*EXERCISE DATA*
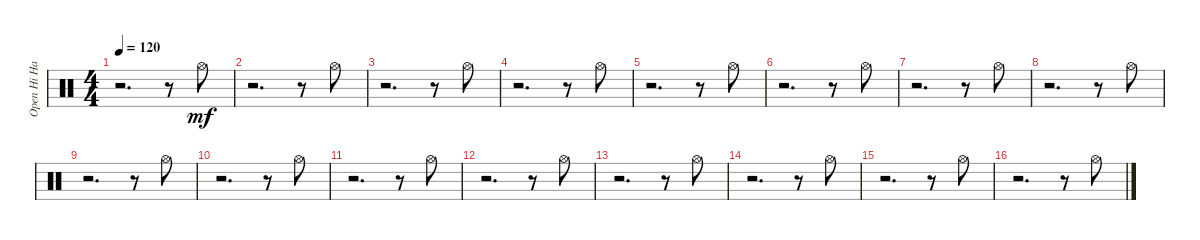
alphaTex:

\track ("Open Hi Hat" "Open Hi Ha") {instrument percussion}
\staff {score}
\articulation defaults
\ts (4 4)
\tempo 120
\clef neutral
\ks c
r.2{d dy mf} r.8 "Hi-Hat (open)".8 |
r.2{d} r.8 "Hi-Hat (open)".8 |
r.2{d} r.8 "Hi-Hat (open)".8 |
r.2{d} r.8 "Hi-Hat (open)".8 |
r.2{d} r.8 "Hi-Hat (open)".8 |
r.2{d} r.8 "Hi-Hat (open)".8 |
r.2{d} r.8 "Hi-Hat (open)".8 |
r.2{d} r.8 "Hi-Hat (open)".8 |
r.2{d} r.8 "Hi-Hat (open)".8 |
r.2{d} r.8 "Hi-Hat (open)".8 |
r.2{d} r.8 "Hi-Hat (open)".8 |
r.2{d} r.8 "Hi-Hat (open)".8 |
r.2{d} r.8 "Hi-Hat (open)".8 |
r.2{d} r.8 "Hi-Hat (open)".8 |
r.2{d} r.8 "Hi-Hat (open)".8 |
r.2{d} r.8 "Hi-Hat (open)".8
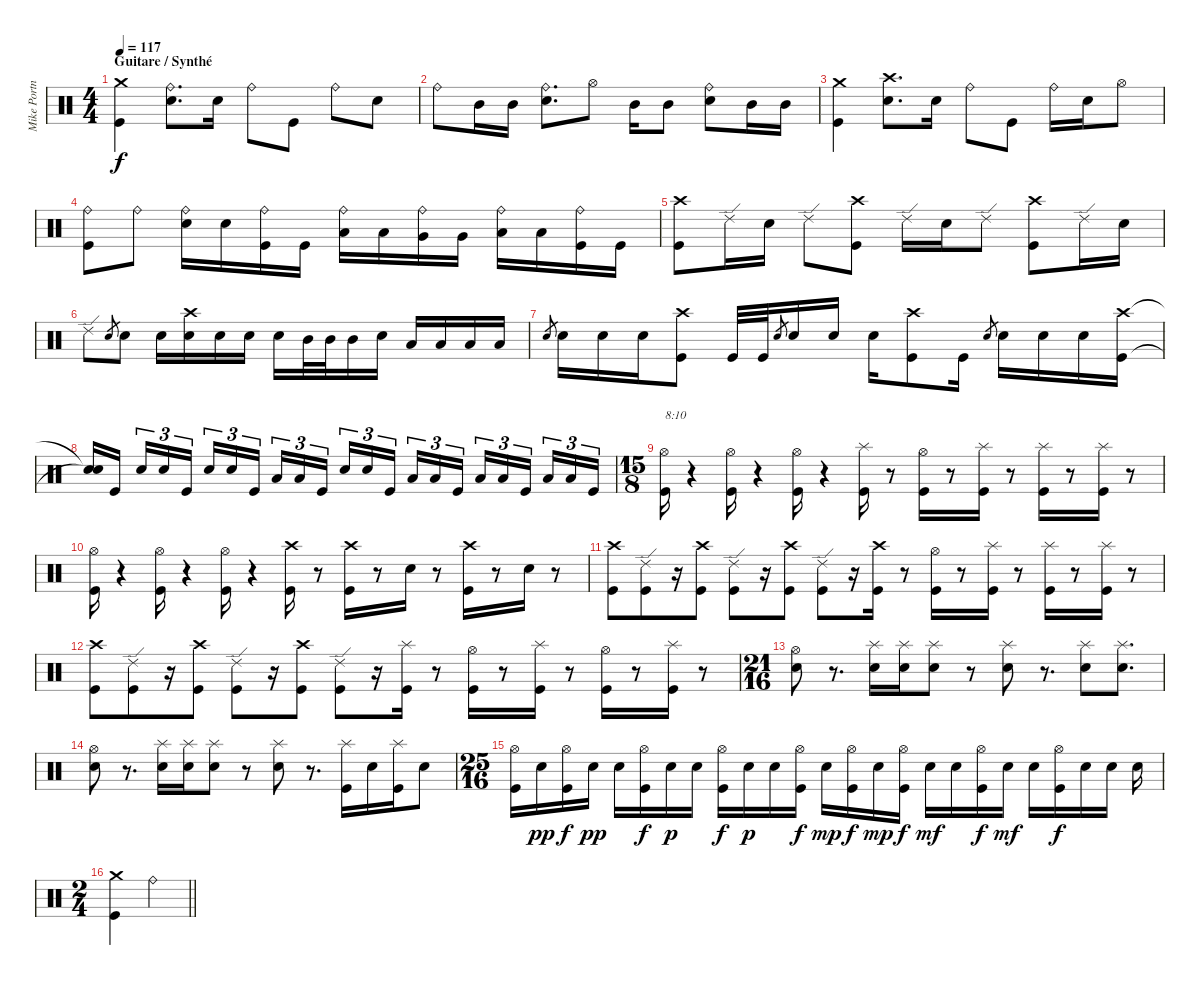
\track ("Mike Portnoy" "Mike Portn") {instrument percussion}
\staff {score}
\articulation defaults
\ts (4 4)
\section ("" "Guitare / Synthé")
\tempo 117
\clef neutral
\ks c
("Crash medium (hit)" "Kick (hit)").4{dy f} ("Ride (bell)" "Snare (hit) 2").8{d} "Snare (hit) 2".16 "Ride (bell)".8 "Kick (hit)".8 "Ride (bell)".8 "Snare (hit) 2".8 |
"Ride (bell)".8 "Mid Tom (hit)".16 "Mid Tom (hit)".16 ("Ride (bell)" "Snare (hit) 2").8{d} "Hi-Hat (open)".8 "Mid Tom (hit)".16 "Mid Tom (hit)".8 ("Ride (bell)" "Snare (hit) 2").8 "Mid Tom (hit)".16 "Mid Tom (hit)".16 |
("Crash medium (hit)" "Kick (hit)").4 ("Crash high (hit)" "Snare (hit) 2").8{d} "Snare (hit) 2".16 "Ride (bell)".8 "Kick (hit)".8 "Ride (bell)".16 "Snare (hit) 2".16 "Hi-Hat (open)".8 |
("Ride (bell)" "Kick (hit)").8 "Ride (bell)".8 ("Ride (bell)" "Snare (hit) 2").16 "Snare (hit) 2".16 ("Ride (bell)" "Kick (hit)").16 "Kick (hit)".16 ("Ride (bell)" "Low Tom (hit)").16 "Low Tom (hit)".16 ("Ride (bell)" "Very Low Tom (hit)").16 "Very Low Tom (hit)".16 ("Ride (bell)" "Low Floor Tom (hit)").16 "Low Floor Tom (hit)".16 ("Ride (bell)" "Kick (hit)").16 "Kick (hit)".16 |
("Crash high (hit)" "Kick (hit)").8 "Ride (edge) 2".16 "Snare (hit) 2".16 "Ride (edge) 2".8 ("Crash high (hit)" "Kick (hit)").8 "Ride (edge) 2".16 "Snare (hit) 2".16 "Ride (edge) 2".8 ("Crash high (hit)" "Kick (hit)").8 "Ride (edge) 2".16 "Snare (hit) 2".16 |
"Ride (edge) 2".8 "Snare (hit) 2".8{gr} "Snare (hit) 2".8 "Snare (hit) 2".16 ("Crash high (hit)" "Snare (hit) 2").16 "Snare (hit) 2".16 "Snare (hit) 2".16 "Snare (hit) 2".16 "Mid Tom (hit)".32 "Mid Tom (hit)".32 "Mid Tom (hit)".16 "Snare (hit) 2".16 "Low Tom (hit)".16 "Low Tom (hit)".16 "Low Tom (hit)".16 "Low Tom (hit)".16 |
"Snare (hit) 2".8{gr} "Snare (hit) 2".16 "Snare (hit) 2".16 "Snare (hit) 2".16 ("Crash high (hit)" "Kick (hit)").8 "Kick (hit)".32 "Kick (hit)".32 "Snare (hit) 2".8{gr} "Snare (hit) 2".16 "Snare (hit) 2".16 "Snare (hit) 2".16 ("Crash high (hit)" "Kick (hit)").8 "Kick (hit)".16 "Snare (hit) 2".8{gr} "Snare (hit) 2".16 "Snare (hit) 2".16 "Snare (hit) 2".16 ("Crash high (hit)" "Kick (hit)").16 |
("Snare (hit)"{t} "Snare (hit)"{t}).16 "Kick (hit)".16 "Snare (hit) 2".16{tu (3 2)} "Snare (hit) 2".16{tu (3 2)} "Kick (hit)".16{tu (3 2)} "Snare (hit) 2".16{tu (3 2)} "Snare (hit) 2".16{tu (3 2)} "Kick (hit)".16{tu (3 2)} "Low Tom (hit)".16{tu (3 2)} "Low Tom (hit)".16{tu (3 2)} "Kick (hit)".16{tu (3 2)} "Snare (hit) 2".16{tu (3 2)} "Snare (hit) 2".16{tu (3 2)} "Kick (hit)".16{tu (3 2)} "Low Tom (hit)".16{tu (3 2)} "Low Tom (hit)".16{tu (3 2)} "Kick (hit)".16{tu (3 2)} "Low Tom (hit)".16{tu (3 2)} "Low Tom (hit)".16{tu (3 2)} "Kick (hit)".16{tu (3 2)} "Low Tom (hit)".16{tu (3 2)} "Low Tom (hit)".16{tu (3 2)} "Kick (hit)".16{tu (3 2)} |
\ts (15 8)
("Hi-Hat (open)" "Kick (hit)").16{txt "8:10"} r.4 ("Hi-Hat (open)" "Kick (hit)").16 r.4 ("Hi-Hat (open)" "Kick (hit)").16 r.4 ("Splash (hit)" "Kick (hit)").16 r.8 ("Hi-Hat (open)" "Kick (hit)").16 r.8 ("Splash (hit)" "Kick (hit)").16 r.8 ("Splash (hit)" "Kick (hit)").16 r.8 ("Splash (hit)" "Kick (hit)").16 r.8 |
("Hi-Hat (open)" "Kick (hit)").16 r.4 ("Hi-Hat (open)" "Kick (hit)").16 r.4 ("Hi-Hat (open)" "Kick (hit)").16 r.4 ("Crash high (hit)" "Kick (hit)").16 r.8 ("Crash high (hit)" "Kick (hit)").16 r.8 "Snare (hit) 2".16 r.8 ("Crash high (hit)" "Kick (hit)").16 r.8 "Snare (hit) 2".16 r.8 |
("Crash high (hit)" "Kick (hit)").8 ("Ride (edge) 2" "Kick (hit)").8 r.16 ("Crash high (hit)" "Kick (hit)").8 ("Ride (edge) 2" "Kick (hit)").8 r.16 ("Crash high (hit)" "Kick (hit)").8 ("Ride (edge) 2" "Kick (hit)").8 r.16 ("Crash high (hit)" "Kick (hit)").16 r.8 ("Hi-Hat (open)" "Kick (hit)").16 r.8 ("Splash (hit)" "Kick (hit)").16 r.8 ("Splash (hit)" "Kick (hit)").16 r.8 ("Splash (hit)" "Kick (hit)").16 r.8 |
("Crash high (hit)" "Kick (hit)").8 ("Ride (edge) 2" "Kick (hit)").8 r.16 ("Crash high (hit)" "Kick (hit)").8 ("Ride (edge) 2" "Kick (hit)").8 r.16 ("Crash high (hit)" "Kick (hit)").8 ("Ride (edge) 2" "Kick (hit)").8 r.16 ("Splash (hit)" "Kick (hit)").16 r.8 ("Hi-Hat (open)" "Kick (hit)").16 r.8 ("Splash (hit)" "Kick (hit)").16 r.8 ("Hi-Hat (open)" "Kick (hit)").16 r.8 ("Splash (hit)" "Kick (hit)").16 r.8 |
\ts (21 16)
("Hi-Hat (open)" "Snare (hit) 2").8 r.8{d} ("Splash (hit)" "Snare (hit) 2").16 ("Splash (hit)" "Snare (hit) 2").16 ("Splash (hit)" "Snare (hit) 2").8 r.8 ("Splash (hit)" "Snare (hit) 2").8 r.8{d} ("Splash (hit)" "Snare (hit) 2").8 ("Splash (hit)" "Snare (hit) 2").8{d} |
("Hi-Hat (open)" "Snare (hit) 2").8 r.8{d} ("Splash (hit)" "Snare (hit) 2").16 ("Splash (hit)" "Snare (hit) 2").16 ("Splash (hit)" "Snare (hit) 2").8 r.8 ("Splash (hit)" "Snare (hit) 2").8 r.8{d} ("Splash (hit)" "Kick (hit)").16 "Snare (hit) 2".16 ("Splash (hit)" "Kick (hit)").16 "Snare (hit) 2".8 |
\ts (25 16)
("Hi-Hat (open)" "Kick (hit)").16 "Snare (hit) 2".16{dy pp} ("Hi-Hat (open)" "Kick (hit)").16{dy f} "Snare (hit) 2".16{dy pp} "Snare (hit) 2".16 ("Hi-Hat (open)" "Kick (hit)").16{dy f} "Snare (hit) 2".16{dy p} "Snare (hit) 2".16 ("Hi-Hat (open)" "Kick (hit)").16{dy f} "Snare (hit) 2".16{dy p} "Snare (hit) 2".16 ("Hi-Hat (open)" "Kick (hit)").16{dy f} "Snare (hit) 2".16{dy mp} ("Hi-Hat (open)" "Kick (hit)").16{dy f} "Snare (hit) 2".16{dy mp} ("Hi-Hat (open)" "Kick (hit)").16{dy f} "Snare (hit) 2".16{dy mf} "Snare (hit) 2".16 ("Hi-Hat (open)" "Kick (hit)").16{dy f} "Snare (hit) 2".16{dy mf} "Snare (hit) 2".16 ("Hi-Hat (open)" "Kick (hit)").16{dy f} "Snare (hit) 2".16 "Snare (hit) 2".16 "Snare (hit) 2".16 |
\ts (2 4)
\barLineRight lightlight
("Crash medium (hit)" "Kick (hit)").4 "Ride (bell)".4

*PROBLEM*
Go through the entries and copy every line with "percussion".

*SOLUTION FOR THIS PROBLEM*
\track ("Open Hi Hat" "Open Hi Ha") {instrument percussion}
\track ("Mike Portnoy" "Mike Portn") {instrument percussion}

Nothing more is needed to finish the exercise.